Foraging behaviors such as those leading to spatial aggregation and decelerating functional responses play important roles in determining the presence and type of spatial patterns of abundance (Kareiva and Odell 1987; Turchin 1987; McCann et al. 2000). In this system, the persistence of spatial patterning is hypothesized to be enabled by the presence of interference or a decelerating functional response (Maron and Harrison 1997). The assumption of decelerating functional response is confirmed by our results. Large amounts of aggregation at a large spatial scale can lower the likelihood of spatial pattern emerging (McCann et al. 2000). However, as noted above, we cannot comment on whether the aggregation we observed over the small (individual lupine bush) scale would result at the larger (outbreak) scale. Previous experiments suggest that, at least for parasitism, there is no significant difference in parasitism levels inside the outbreak as compared to areas near the outbreak with low densities of O. vetusta (Brodman et al. 1997; Maron and Harrison 1997).

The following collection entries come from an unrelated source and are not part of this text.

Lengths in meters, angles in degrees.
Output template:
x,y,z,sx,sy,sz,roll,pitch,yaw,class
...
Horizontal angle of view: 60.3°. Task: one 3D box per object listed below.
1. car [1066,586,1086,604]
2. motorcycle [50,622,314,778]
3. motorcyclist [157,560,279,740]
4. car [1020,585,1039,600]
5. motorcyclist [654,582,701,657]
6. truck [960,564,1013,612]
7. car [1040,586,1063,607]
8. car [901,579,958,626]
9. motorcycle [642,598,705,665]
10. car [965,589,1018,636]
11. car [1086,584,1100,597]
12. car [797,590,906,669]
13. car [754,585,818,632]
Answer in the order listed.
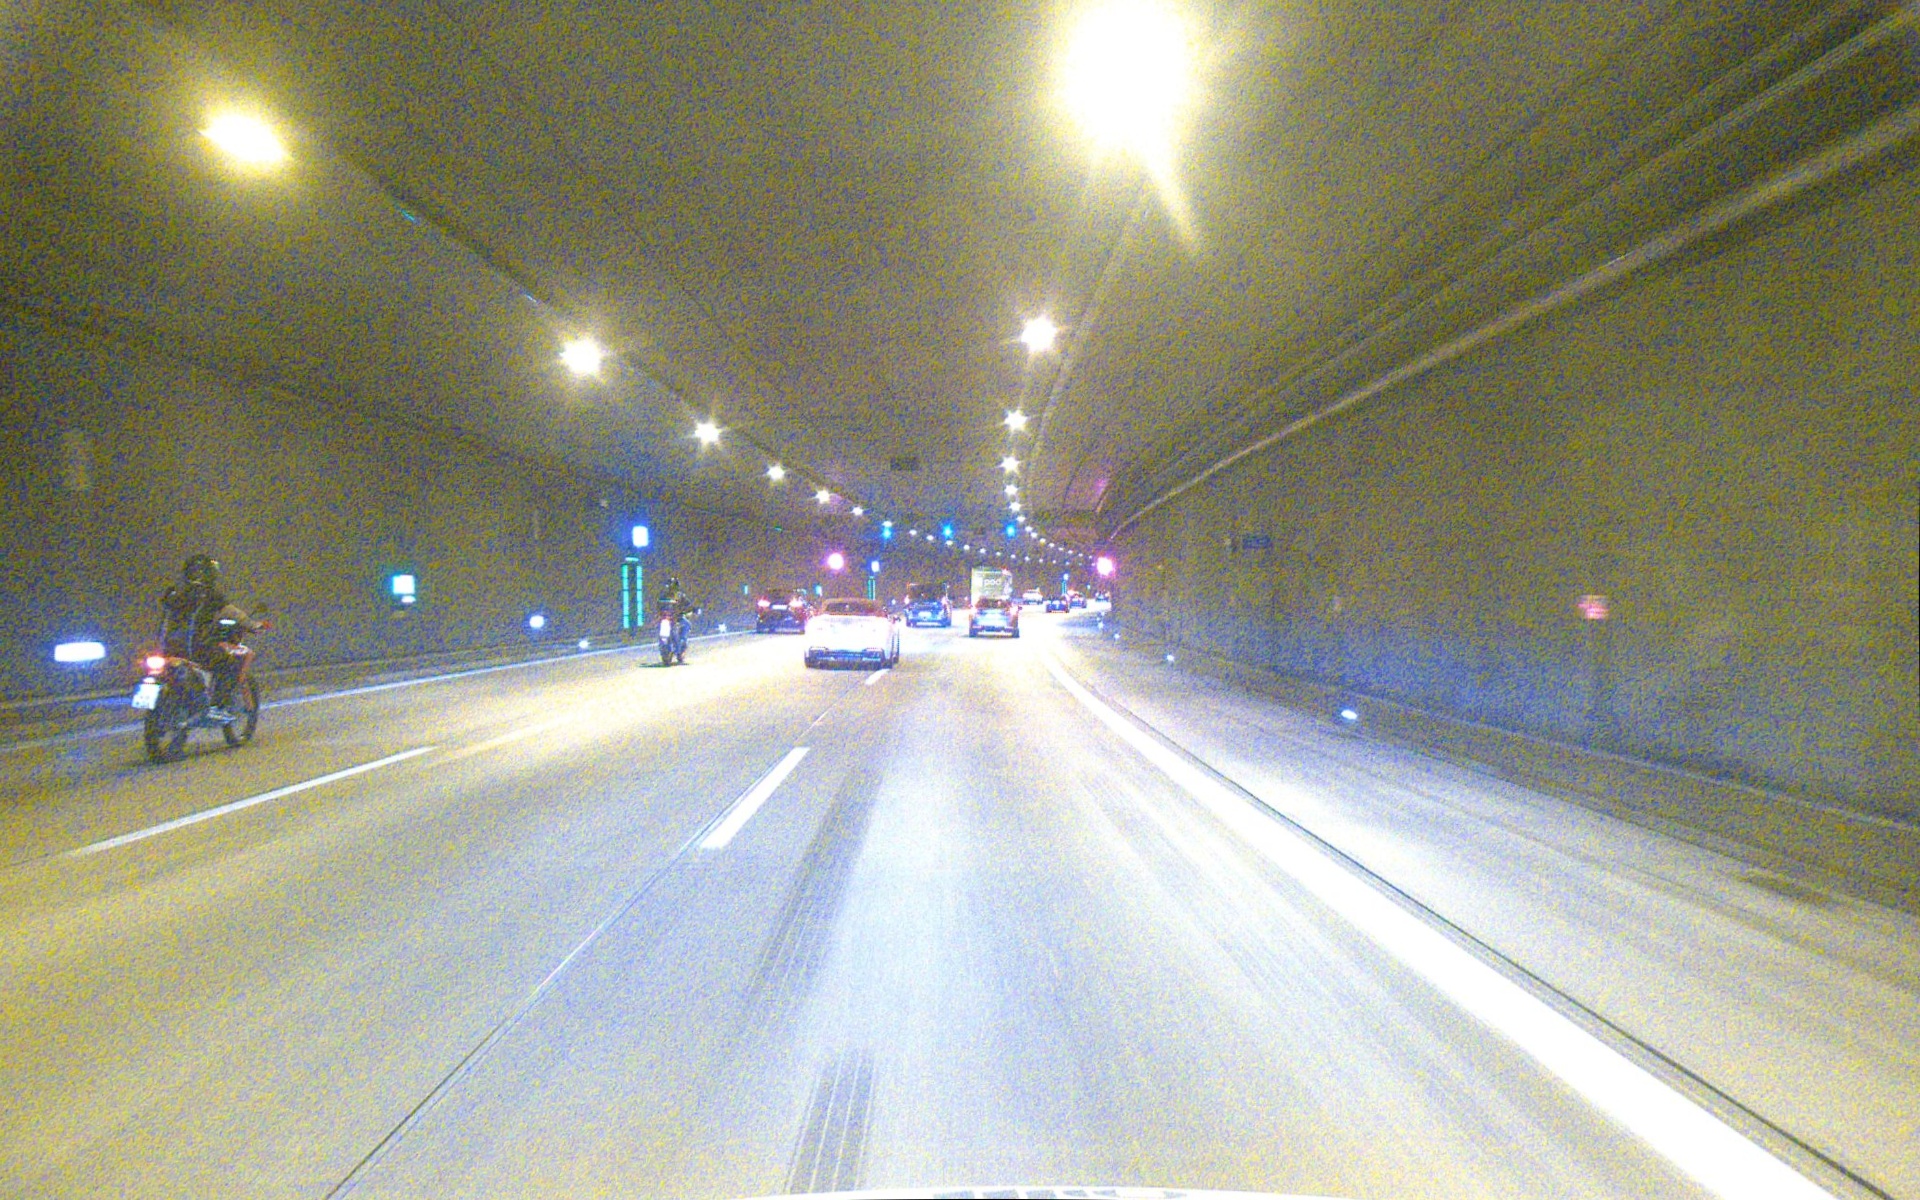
x,y,z,sx,sy,sz,roll,pitch,yaw,class
11.147,-0.477,158.701,1.819,1.695,4.002,-2,0,4,car
-6.582,0.798,14.193,1.031,1.177,2.428,0,0,3,motorcycle
-6.459,0.413,14.437,0.614,1.515,0.891,-1,1,2,motorcyclist
7.580,-0.828,180.842,1.792,1.646,4.003,-2,0,5,car
-5.756,0.389,33.753,0.822,1.503,0.821,1,1,-1,motorcyclist
2.008,-0.956,120.209,3.018,3.167,10.036,-3,1,5,truck
7.232,-0.296,130.797,1.805,1.595,4.002,-2,0,3,car
-1.328,0.091,74.293,1.951,2.006,4.003,1,1,7,car
-5.765,0.609,33.403,0.828,1.267,2.604,0,0,0,motorcycle
1.182,0.436,60.236,1.801,1.630,4.001,0,0,2,car
17.136,-1.231,213.034,1.795,1.720,4.003,-2,0,5,car
-2.191,0.571,34.414,1.952,1.509,4.000,-1,0,1,car
-6.163,0.276,58.878,1.748,1.626,3.802,0,0,2,car

While many mathematical models of host-parasitoid dynamics have focused on the factors leading to stable dynamics, and the assumptions that allow for stability, the recent collapse of the outbreak at this site (Maron et al. 2001) and the presence of other outbreaks along the coast (Harrison 1997) suggest that the dynamics of O. vetusta are not stable. At BMR, overexploitation by T. similis appears, at least partly, to explain the collapse (Maron et al. 2001). The experiments here are at least suggestive that, despite the presence of strong density-dependent behaviors, the parasitism by T. similis will not lead to stable dynamics due to the counteracting effects of these behaviors.